> Problem to work on
Print all entries below exactly, without images.

*** Source records ***

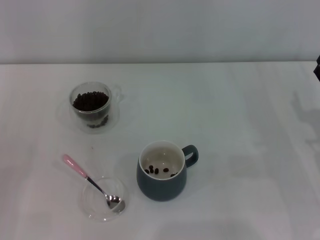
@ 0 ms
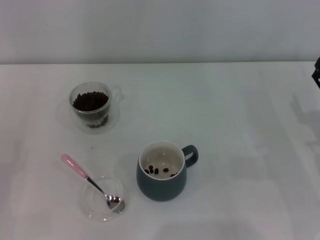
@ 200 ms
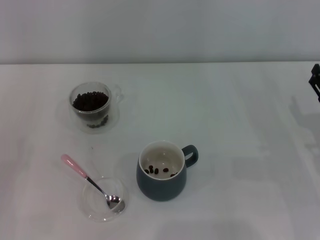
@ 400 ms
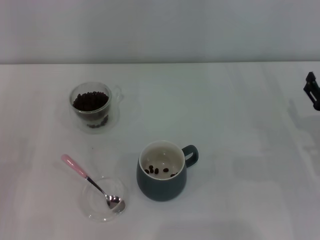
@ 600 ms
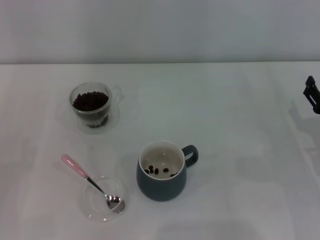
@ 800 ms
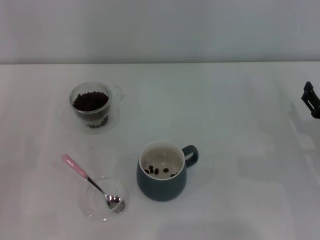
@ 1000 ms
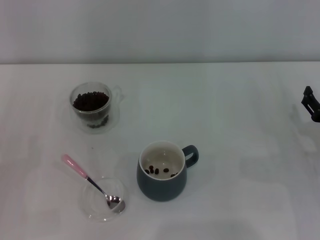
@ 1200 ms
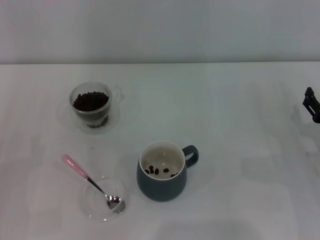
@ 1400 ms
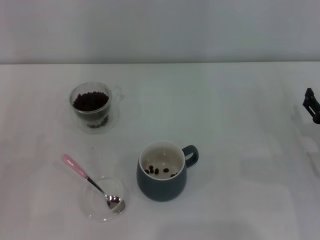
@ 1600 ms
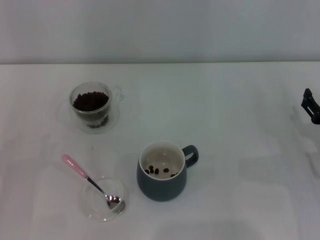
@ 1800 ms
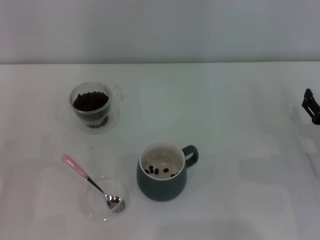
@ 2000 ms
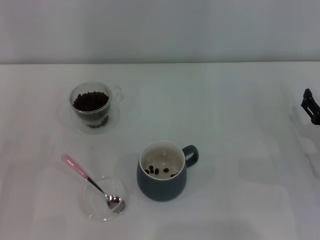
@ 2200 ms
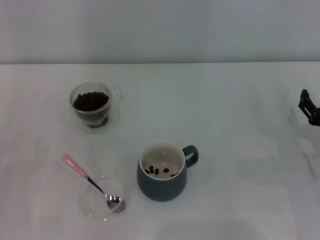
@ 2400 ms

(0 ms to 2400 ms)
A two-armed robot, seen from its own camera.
Task of the whole recording: Use a pink spoon to take out the coffee beans from the glass and pour them into the gray cup.
0 ms - 1200 ms: The grippers move only a little.
1200 ms - 2400 ms: Both grippers stay put.

***

> Written answer
@ 0 ms
@ 200 ms
@ 400 ms
@ 600 ms
@ 800 ms
@ 1000 ms
@ 1200 ms
@ 1400 ms
@ 1600 ms
@ 1800 ms
@ 2000 ms
@ 2200 ms
@ 2400 ms

(0 ms to 2400 ms)
A two-armed robot, seen from its own camera.
Task of the whole recording: Use a pink spoon to take out the coffee beans from the glass and pour them into the gray cup.
0 ms - 1200 ms: The grippers move only a little.
1200 ms - 2400 ms: Both grippers stay put.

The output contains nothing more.